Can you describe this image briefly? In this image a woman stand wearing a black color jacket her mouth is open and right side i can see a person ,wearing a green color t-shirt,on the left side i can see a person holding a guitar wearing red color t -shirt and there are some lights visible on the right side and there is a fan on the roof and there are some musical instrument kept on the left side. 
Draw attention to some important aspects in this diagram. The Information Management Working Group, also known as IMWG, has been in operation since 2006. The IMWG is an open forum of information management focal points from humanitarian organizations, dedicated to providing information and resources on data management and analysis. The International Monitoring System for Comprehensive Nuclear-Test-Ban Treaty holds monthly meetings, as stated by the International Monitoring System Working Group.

****************

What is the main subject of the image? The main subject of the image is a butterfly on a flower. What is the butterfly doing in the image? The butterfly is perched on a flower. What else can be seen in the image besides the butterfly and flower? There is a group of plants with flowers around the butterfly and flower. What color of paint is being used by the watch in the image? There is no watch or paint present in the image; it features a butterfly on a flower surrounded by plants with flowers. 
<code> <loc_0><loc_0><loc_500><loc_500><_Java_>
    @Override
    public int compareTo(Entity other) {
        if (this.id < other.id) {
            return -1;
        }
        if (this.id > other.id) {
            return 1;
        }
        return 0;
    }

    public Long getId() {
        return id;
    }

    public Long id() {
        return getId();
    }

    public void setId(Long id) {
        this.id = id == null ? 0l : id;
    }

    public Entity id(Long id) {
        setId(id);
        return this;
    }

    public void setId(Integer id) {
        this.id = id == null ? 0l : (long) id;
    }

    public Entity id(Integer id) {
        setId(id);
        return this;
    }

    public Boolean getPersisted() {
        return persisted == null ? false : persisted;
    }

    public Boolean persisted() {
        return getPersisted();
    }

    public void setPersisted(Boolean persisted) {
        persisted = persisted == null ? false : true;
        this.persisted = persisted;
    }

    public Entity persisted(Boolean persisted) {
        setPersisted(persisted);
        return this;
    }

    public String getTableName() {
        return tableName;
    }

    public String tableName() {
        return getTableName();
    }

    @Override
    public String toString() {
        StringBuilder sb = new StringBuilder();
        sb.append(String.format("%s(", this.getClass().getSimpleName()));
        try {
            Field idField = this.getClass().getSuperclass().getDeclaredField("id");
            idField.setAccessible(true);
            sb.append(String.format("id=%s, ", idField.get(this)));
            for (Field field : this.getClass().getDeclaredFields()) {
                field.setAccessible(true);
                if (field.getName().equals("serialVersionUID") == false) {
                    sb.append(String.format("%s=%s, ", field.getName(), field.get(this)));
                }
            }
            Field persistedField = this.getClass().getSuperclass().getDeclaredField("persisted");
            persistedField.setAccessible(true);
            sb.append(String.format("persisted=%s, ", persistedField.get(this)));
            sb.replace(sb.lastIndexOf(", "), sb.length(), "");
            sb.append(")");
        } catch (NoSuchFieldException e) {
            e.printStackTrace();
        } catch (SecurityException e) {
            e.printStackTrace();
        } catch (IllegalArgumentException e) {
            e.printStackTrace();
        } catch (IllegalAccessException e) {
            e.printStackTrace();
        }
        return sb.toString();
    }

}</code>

****************

Work item: Retype only the lines above between the line with "public Long getId()" and the line with "StringBuilder sb = new", counting those two lines as well, and keep every character as it is.

Result for this task:
    public Long getId() {
        return id;
    }

    public Long id() {
        return getId();
    }

    public void setId(Long id) {
        this.id = id == null ? 0l : id;
    }

    public Entity id(Long id) {
        setId(id);
        return this;
    }

    public void setId(Integer id) {
        this.id = id == null ? 0l : (long) id;
    }

    public Entity id(Integer id) {
        setId(id);
        return this;
    }

    public Boolean getPersisted() {
        return persisted == null ? false : persisted;
    }

    public Boolean persisted() {
        return getPersisted();
    }

    public void setPersisted(Boolean persisted) {
        persisted = persisted == null ? false : true;
        this.persisted = persisted;
    }

    public Entity persisted(Boolean persisted) {
        setPersisted(persisted);
        return this;
    }

    public String getTableName() {
        return tableName;
    }

    public String tableName() {
        return getTableName();
    }

    @Override
    public String toString() {
        StringBuilder sb = new StringBuilder();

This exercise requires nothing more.